Canterbury's input into the New Zealand Pavilion for the World Expo 2010 in Shanghai is growing, as are hopes the expo will stimulate Kiwi exports to China.
Construction of the $32 million Kiwi pavilion is well under way. It is expected to draw in 40,000 people a day when the expo event runs for 184 days from May 1 to October 31.
New Zealand commissioner- general for the expo, Phillip Gibson, has just returned from Shanghai with a progress report on the pavilion, saying it is on budget and schedule for the Christchurch architecture firm Warren & Mahoney-designed building.
Human hair wigs New Zealand's growing trade with China - with exports up from $1.9 billion in 2008 to $3.3b in 2009 - was just one reason Kiwis should sit up and take notice of an event the Asian country is spending US$45b (NZ$61.1b) to US$50b on, he said.
It was the biggest World Expo, and the Chinese were talking of it as the biggest grouping of people for a drawn- out timeline event of its kind, Gibson said.
About 70 million visitors - mainly Chinese - were expected on the downtown 5.2 square kilometre site straddling the Huangpu River, and the Kiwi stand had been picked by local media as a "must visit" part of the event.
"Now why are (the Chinese doing it)? Well I think there's a tectonic shift taking place in world political and economic power towards north Asia, in particular China. This essentially is part of China's coming out party to the world," he said.
The Kiwi pavilion was backed by corporates including Christchurch headquartered Solid Energy, and about $2 million of sponsorship. Solid Energy had also been a sponsor of the Aichi, Japan expo in 2005.
Canterbury organisations including the council, the Canterbury Employers' Chamber of Commerce, and the Canterbury Development Corp were also involved.
Regional representation would likely come from Wellington, Hawke's Bay, New Plymouth, Otago/Southland and Auckland.
The pavilion would use wide- screens (some on "Pou" poles) to allow visitors to get a sense of New Zealand via Full lace wigs a visit from the shoreline, into the city and suburbs and then out to the country by watching moving and still images on the screens. He said occasionally a strong southerly would whip through the building, but only via the screen images rather than to the discomfort of the visitors.

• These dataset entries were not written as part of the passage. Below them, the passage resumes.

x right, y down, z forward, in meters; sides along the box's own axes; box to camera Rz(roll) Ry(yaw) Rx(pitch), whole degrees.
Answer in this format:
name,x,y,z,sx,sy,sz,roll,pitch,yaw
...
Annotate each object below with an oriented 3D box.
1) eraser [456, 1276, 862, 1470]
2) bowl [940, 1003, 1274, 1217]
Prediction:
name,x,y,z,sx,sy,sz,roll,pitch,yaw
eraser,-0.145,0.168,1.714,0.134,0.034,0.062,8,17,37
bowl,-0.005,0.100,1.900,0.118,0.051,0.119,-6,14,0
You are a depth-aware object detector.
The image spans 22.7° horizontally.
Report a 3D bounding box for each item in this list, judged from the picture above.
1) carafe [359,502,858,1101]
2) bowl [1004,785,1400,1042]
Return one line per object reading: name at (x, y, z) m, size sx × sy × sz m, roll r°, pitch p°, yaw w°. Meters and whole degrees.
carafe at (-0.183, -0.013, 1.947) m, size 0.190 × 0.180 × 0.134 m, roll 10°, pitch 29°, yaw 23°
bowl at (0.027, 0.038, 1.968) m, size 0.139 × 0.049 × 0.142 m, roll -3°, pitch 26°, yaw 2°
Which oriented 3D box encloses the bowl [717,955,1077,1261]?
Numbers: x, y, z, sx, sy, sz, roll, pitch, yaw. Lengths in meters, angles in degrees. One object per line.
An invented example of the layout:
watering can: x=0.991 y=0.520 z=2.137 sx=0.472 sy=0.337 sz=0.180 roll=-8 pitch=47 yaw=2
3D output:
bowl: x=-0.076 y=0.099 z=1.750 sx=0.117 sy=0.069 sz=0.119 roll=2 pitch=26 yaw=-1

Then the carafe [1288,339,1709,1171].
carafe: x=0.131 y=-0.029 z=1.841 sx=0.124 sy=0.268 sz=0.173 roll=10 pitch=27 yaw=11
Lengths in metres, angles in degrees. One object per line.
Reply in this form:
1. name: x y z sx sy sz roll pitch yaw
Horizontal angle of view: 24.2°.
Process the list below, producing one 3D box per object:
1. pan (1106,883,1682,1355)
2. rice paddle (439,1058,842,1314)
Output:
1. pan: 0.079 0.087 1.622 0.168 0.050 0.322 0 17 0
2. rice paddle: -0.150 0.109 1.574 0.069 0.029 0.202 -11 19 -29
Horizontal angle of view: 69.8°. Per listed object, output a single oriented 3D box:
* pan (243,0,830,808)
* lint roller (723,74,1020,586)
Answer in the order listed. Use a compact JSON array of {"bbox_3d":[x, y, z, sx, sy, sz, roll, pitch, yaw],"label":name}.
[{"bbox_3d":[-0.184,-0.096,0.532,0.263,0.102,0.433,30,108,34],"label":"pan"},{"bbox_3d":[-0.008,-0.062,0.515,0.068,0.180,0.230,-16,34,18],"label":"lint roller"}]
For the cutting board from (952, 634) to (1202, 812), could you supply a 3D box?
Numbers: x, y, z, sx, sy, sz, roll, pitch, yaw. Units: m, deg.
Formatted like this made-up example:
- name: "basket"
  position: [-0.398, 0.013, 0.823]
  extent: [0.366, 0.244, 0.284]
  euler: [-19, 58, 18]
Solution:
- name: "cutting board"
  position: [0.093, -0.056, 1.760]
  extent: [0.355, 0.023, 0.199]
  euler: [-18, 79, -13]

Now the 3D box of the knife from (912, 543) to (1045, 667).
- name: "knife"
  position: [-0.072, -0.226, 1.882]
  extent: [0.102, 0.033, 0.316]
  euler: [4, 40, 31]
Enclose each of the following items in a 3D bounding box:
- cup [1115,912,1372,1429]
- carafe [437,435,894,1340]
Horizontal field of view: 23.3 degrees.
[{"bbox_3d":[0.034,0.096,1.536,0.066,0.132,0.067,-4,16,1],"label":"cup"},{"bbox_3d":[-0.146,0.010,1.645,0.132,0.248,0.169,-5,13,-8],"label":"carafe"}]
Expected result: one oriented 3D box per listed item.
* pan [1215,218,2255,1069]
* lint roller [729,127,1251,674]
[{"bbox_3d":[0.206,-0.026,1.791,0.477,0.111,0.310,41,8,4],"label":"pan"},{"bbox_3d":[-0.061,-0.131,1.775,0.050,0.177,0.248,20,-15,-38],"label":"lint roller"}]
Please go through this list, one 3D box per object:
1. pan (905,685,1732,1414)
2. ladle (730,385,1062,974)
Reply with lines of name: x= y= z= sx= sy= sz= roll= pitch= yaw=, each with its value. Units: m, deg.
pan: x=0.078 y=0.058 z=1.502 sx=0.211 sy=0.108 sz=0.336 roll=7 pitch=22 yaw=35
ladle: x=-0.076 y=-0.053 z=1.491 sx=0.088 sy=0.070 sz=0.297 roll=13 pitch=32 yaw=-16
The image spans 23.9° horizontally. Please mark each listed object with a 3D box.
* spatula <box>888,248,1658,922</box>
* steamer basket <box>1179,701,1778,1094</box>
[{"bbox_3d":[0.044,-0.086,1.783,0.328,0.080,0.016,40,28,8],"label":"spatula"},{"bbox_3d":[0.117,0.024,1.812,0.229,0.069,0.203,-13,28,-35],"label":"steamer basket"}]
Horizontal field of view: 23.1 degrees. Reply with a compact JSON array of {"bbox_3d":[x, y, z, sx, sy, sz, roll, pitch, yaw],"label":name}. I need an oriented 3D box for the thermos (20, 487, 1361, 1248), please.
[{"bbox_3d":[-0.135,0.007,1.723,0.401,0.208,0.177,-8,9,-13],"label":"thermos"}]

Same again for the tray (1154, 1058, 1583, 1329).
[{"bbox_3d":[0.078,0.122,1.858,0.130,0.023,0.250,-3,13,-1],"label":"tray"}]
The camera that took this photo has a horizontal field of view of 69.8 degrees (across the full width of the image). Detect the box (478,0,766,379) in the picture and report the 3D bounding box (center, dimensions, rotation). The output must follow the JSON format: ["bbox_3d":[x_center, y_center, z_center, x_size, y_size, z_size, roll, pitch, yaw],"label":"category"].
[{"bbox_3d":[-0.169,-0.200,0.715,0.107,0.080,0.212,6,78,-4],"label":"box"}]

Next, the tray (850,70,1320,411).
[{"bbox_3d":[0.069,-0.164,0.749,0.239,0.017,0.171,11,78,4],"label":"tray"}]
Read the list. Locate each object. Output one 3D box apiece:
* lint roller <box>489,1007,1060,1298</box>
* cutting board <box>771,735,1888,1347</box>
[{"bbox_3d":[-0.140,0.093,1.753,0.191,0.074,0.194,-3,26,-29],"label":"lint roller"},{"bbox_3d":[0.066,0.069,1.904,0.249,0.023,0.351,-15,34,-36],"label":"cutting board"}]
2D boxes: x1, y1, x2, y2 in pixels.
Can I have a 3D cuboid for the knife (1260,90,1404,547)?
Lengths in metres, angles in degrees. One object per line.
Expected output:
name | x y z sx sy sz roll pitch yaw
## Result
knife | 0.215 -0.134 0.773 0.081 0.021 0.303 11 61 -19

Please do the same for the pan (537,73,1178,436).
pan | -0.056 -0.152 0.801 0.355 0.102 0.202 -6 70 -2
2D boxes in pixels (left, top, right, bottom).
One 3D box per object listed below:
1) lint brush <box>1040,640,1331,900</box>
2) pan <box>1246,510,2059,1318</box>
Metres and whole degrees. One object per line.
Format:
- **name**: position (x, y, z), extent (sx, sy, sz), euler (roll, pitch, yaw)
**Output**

The 2000 square metre pavilion site was once a Shanghai steel mill, and the building would be close to the Chinese building.
Visitors would be met by kapa haka (traditional Maori) groups with about 60 to 70 Kiwis due to attend the site and help make the New Zealand experience a friendly and welcoming one, he said.
The Maori theme would continue with the entrance to the building looked over by Tane - who according to mythology was the god of forests and of birds, and the son of Ranginui and Papatuanuku, the sky father and the earth mother.
The theme for the pavilion was "Cities of Nature: Living between Land and Sky", partly inspired by the Maori creation story. There would also be many Chinese-speaking Kiwis, to explain the "day-in- the-life" presentation via the screens seen by visitors treading along a 112 metre long internal walkway, Gibson said. Visitors would eventually emerge onto a rooftop garden.